The income thresholds for the MLS are the exact same ones used for the private health insurance rebate, and they are also increasing from July 1, 2025.
Who this affects:
This primarily affects high-income earners without private hospital cover. The increase in the thresholds gives you a little more breathing room before the surcharge kicks in. A single person can now earn up to $101,000 without hospital cover before being liable for the MLS.
However, if your income is climbing and you're hovering around these new thresholds, it's time to do the maths. For a single person earning $117,000, the 1% MLS amounts to an extra tax of $1,170. In many cases, a basic hospital policy will cost less than the surcharge, making it a financially sound decision to get covered.
No changes for the Lifetime Health Cover
In a rare moment of stability, there are no changes to the Lifetime Health Cover (LHC) loading. But just because it isn't changing doesn't mean you can ignore it.
Here's your friendly, slightly sarcastic reminder: LHC is a 2% loading added to your hospital cover premium for every year you are over 30 when you first take it out.
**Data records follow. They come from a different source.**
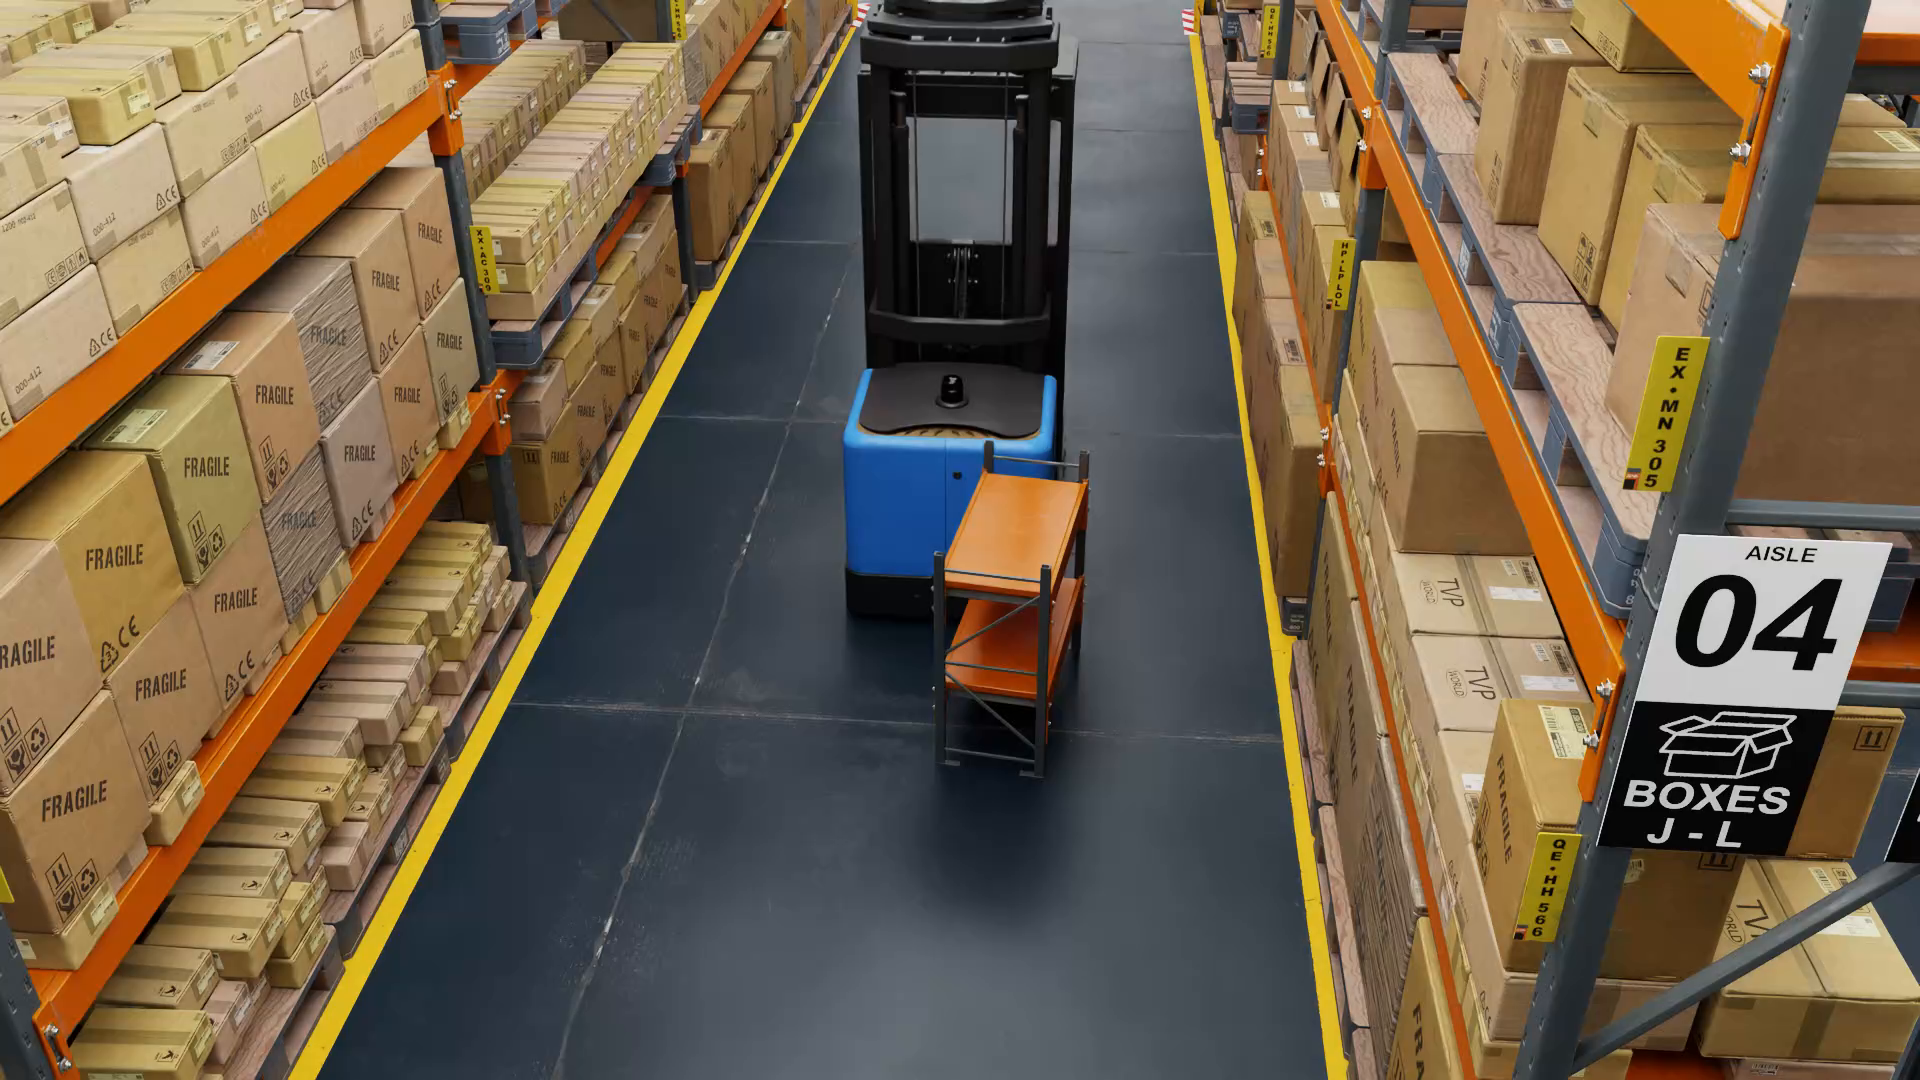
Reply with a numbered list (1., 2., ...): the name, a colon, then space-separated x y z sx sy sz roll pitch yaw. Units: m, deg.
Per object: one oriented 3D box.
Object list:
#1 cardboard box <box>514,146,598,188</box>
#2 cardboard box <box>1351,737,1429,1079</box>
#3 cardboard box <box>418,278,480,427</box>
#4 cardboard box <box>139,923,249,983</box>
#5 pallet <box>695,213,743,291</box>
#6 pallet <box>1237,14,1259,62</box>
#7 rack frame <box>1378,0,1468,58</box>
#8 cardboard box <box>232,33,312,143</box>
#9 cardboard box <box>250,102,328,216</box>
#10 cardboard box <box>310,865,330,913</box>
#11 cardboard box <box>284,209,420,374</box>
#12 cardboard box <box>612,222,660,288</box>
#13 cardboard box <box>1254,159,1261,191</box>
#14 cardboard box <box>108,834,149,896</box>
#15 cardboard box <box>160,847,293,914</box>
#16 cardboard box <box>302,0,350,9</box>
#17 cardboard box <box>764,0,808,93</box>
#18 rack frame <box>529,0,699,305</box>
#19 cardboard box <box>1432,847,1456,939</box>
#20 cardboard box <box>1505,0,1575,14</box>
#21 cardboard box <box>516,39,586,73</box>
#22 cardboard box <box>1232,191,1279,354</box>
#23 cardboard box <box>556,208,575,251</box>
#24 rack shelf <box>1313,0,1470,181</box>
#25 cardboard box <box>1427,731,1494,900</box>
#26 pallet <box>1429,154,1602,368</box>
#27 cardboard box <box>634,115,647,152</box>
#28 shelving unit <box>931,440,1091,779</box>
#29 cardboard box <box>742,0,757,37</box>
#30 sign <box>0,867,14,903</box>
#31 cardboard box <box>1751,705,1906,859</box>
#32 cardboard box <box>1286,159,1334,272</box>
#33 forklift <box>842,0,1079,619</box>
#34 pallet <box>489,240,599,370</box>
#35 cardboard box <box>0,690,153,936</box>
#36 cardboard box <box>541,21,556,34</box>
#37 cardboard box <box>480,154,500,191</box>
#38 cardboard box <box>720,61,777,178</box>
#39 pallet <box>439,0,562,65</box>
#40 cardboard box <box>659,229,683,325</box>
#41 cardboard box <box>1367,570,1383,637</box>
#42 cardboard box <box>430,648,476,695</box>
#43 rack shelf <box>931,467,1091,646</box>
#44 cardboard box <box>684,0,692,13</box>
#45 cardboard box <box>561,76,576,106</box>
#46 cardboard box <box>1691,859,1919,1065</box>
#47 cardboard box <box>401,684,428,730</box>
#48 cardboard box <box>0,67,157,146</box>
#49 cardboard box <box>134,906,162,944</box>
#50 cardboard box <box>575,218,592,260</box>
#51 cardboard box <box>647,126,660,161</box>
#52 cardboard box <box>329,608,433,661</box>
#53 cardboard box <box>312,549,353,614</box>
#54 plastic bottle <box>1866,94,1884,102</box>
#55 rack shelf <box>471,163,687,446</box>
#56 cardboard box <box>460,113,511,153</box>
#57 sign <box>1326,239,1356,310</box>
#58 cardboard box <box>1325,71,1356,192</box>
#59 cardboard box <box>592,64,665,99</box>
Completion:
1. cardboard box: -2.160 -1.996 8.902 0.380 0.149 0.250 2 32 4
2. cardboard box: 1.922 1.328 5.862 0.875 0.875 0.875 2 32 4
3. cardboard box: -2.492 -0.845 7.383 0.500 0.500 0.500 3 32 4
4. cardboard box: -2.751 1.524 5.952 0.380 0.149 0.250 3 32 5
5. pallet: -2.269 -2.254 12.706 1.003 0.211 1.213 2 32 4
6. pallet: 2.647 -3.723 12.614 1.003 0.211 1.213 2 32 4
7. rack frame: 2.201 -3.230 5.914 1.000 3.000 0.127 2 32 4
8. cardboard box: -2.610 -1.570 5.746 0.500 0.250 0.500 4 32 6
9. cardboard box: -2.598 -1.359 5.881 0.500 0.250 0.500 2 32 3
10. cardboard box: -2.689 1.389 6.455 0.380 0.149 0.250 3 32 4
11. cardboard box: -2.539 -1.008 6.694 0.500 0.500 0.500 1 32 2
12. cardboard box: -2.233 -1.833 10.632 0.500 0.250 0.500 3 32 5
13. cardboard box: 2.594 -2.532 12.463 0.700 0.500 0.500 0 32 0
14. cardboard box: -2.727 0.968 5.060 0.380 0.149 0.250 4 32 6
15. cardboard box: -2.690 1.264 6.089 0.380 0.149 0.250 1 32 2
16. cardboard box: -2.476 -2.093 6.214 0.380 0.149 0.250 2 32 4
17. cardboard box: -1.962 -4.724 15.681 0.875 0.875 0.875 3 32 5
18. rack frame: -2.408 -3.032 11.311 1.000 3.000 0.127 2 32 4
19. cardboard box: 1.618 1.055 4.919 0.380 0.149 0.250 3 32 4
20. cardboard box: 2.149 -1.524 5.414 0.700 0.500 0.500 4 32 6
21. cardboard box: -2.639 -3.122 10.728 0.380 0.149 0.250 3 32 4
22. cardboard box: 2.450 -1.682 10.745 1.225 0.875 0.875 1 32 2
23. cardboard box: -2.204 -1.596 8.536 0.380 0.149 0.250 3 32 5
24. rack shelf: 2.364 -2.692 8.586 1.077 0.370 4.000 2 32 4
25. cardboard box: 1.693 0.823 4.915 0.500 0.250 0.500 2 32 3
26. pallet: 2.022 -0.852 4.998 1.003 0.211 1.213 2 32 4
27. cardboard box: -2.077 -2.415 9.865 0.380 0.149 0.250 2 32 4
28. shelving unit: 0.247 0.303 7.687 0.538 1.125 1.048 7 32 11
29. cardboard box: -1.941 -4.354 13.360 0.500 0.500 0.500 3 32 5
30. sign: -2.519 0.806 4.259 0.100 0.325 0.005 2 32 4
31. cardboard box: 2.225 0.533 4.671 0.500 0.500 0.500 2 32 3
32. cardboard box: 2.096 -1.768 9.165 0.500 0.500 0.500 3 32 4
33. forklift: 0.052 -1.582 9.023 1.130 2.935 3.031 2 32 4
34. pallet: -2.527 -1.252 8.606 1.003 0.211 1.213 2 32 4
35. cardboard box: -2.748 0.759 4.781 0.500 0.500 0.500 4 32 6
36. cardboard box: -4.386 -4.853 16.516 0.797 0.637 0.503 2 32 4
37. cardboard box: -2.795 -2.045 9.265 0.380 0.149 0.250 3 32 4
38. cardboard box: -2.126 -3.512 13.834 1.050 0.750 0.750 2 32 4
39. pallet: -2.578 -2.456 7.696 1.213 0.211 1.003 2 32 4
40. cardboard box: -2.201 -1.792 11.280 0.500 0.500 0.500 2 32 4
41. cardboard box: 1.741 0.249 6.226 0.380 0.149 0.250 3 32 5
42. cardboard box: -2.488 0.587 7.755 0.380 0.149 0.250 1 32 2
43. rack shelf: 0.247 0.053 7.533 0.538 0.278 1.000 7 32 11
44. cardboard box: -2.322 -3.999 11.832 0.700 0.500 0.500 2 32 3
45. cardboard box: -2.668 -2.845 10.562 0.380 0.149 0.250 4 32 6
46. cardboard box: 2.184 1.114 4.443 0.500 0.250 0.500 2 32 3
47. cardboard box: -2.576 0.690 7.305 0.380 0.149 0.250 3 32 5
48. cardboard box: -2.620 -1.276 4.888 0.380 0.149 0.250 3 32 6
49. cardboard box: -3.136 1.363 6.212 0.380 0.149 0.250 2 32 3
50. cardboard box: -2.181 -1.606 8.836 0.380 0.149 0.250 3 32 4
51. cardboard box: -2.057 -2.432 10.176 0.380 0.149 0.250 2 32 3
52. cardboard box: -2.597 0.436 7.433 0.380 0.149 0.250 3 32 6
53. cardboard box: -2.580 0.146 6.393 0.380 0.149 0.250 3 32 5
54. plastic bottle: 8.251 -3.993 15.048 0.152 0.276 0.135 4 32 6
55. rack shelf: -2.571 -1.680 9.803 1.077 0.370 4.000 2 32 4
56. cardboard box: -2.768 -2.306 9.405 0.380 0.149 0.250 2 32 3
57. sign: 1.660 -1.153 7.234 0.100 0.325 0.005 2 32 4
58. cardboard box: 2.347 -2.164 8.851 0.797 0.503 0.637 3 32 6
59. cardboard box: -2.035 -2.813 10.228 0.380 0.149 0.250 3 32 5

If you wait until you're 40, you'll pay an extra 20% on your premiums. Wait until you're 50, and that's a 40% loading. This loading stays in place for 10 years of continuous cover, and the maximum loading is a whopping 70%. The government does not pay the rebate on the LHC portion of your premium. So, procrastinate at your peril.
Tax tips for health insurance
Navigating the tax implications of health insurance can feel like a chore, but getting it right can save you a significant amount of money (or a nasty surprise from the ATO).
- Check Your Rebate Tier: With the new income thresholds, take a moment to estimate your income for the 2025-26 financial year. If you think you've moved into a different rebate tier, contact your insurer. You can choose to receive your rebate as a reduction in your regular premiums. Nominating the correct tier ensures you get the right discount upfront and avoids having to pay back an over-claimed rebate at tax time.
- Claiming at Tax Time: If you prefer a lump sum, or if your income is variable and hard to predict, you can choose not to claim the rebate as a premium reduction. Instead, you can claim it as a refundable tax offset when you lodge your tax return.
- Prepapre for the Next Price Rise: You can't avoid this year's increase, but you can get ahead of the next one. Most funds allow you to prepay your premium for 12 months. By paying before April 1, 2026, you can lock in the current rate and delay the impact of the next price hike.
- Understand Your Statement: Your private health insurance statement is a crucial document for your tax return. It proves you had an appropriate level of hospital cover, which is your get-out-of-jail-free card for the Medicare Levy Surcharge. Ensure the details are pre-filled correctly in myTax or that you enter them accurately.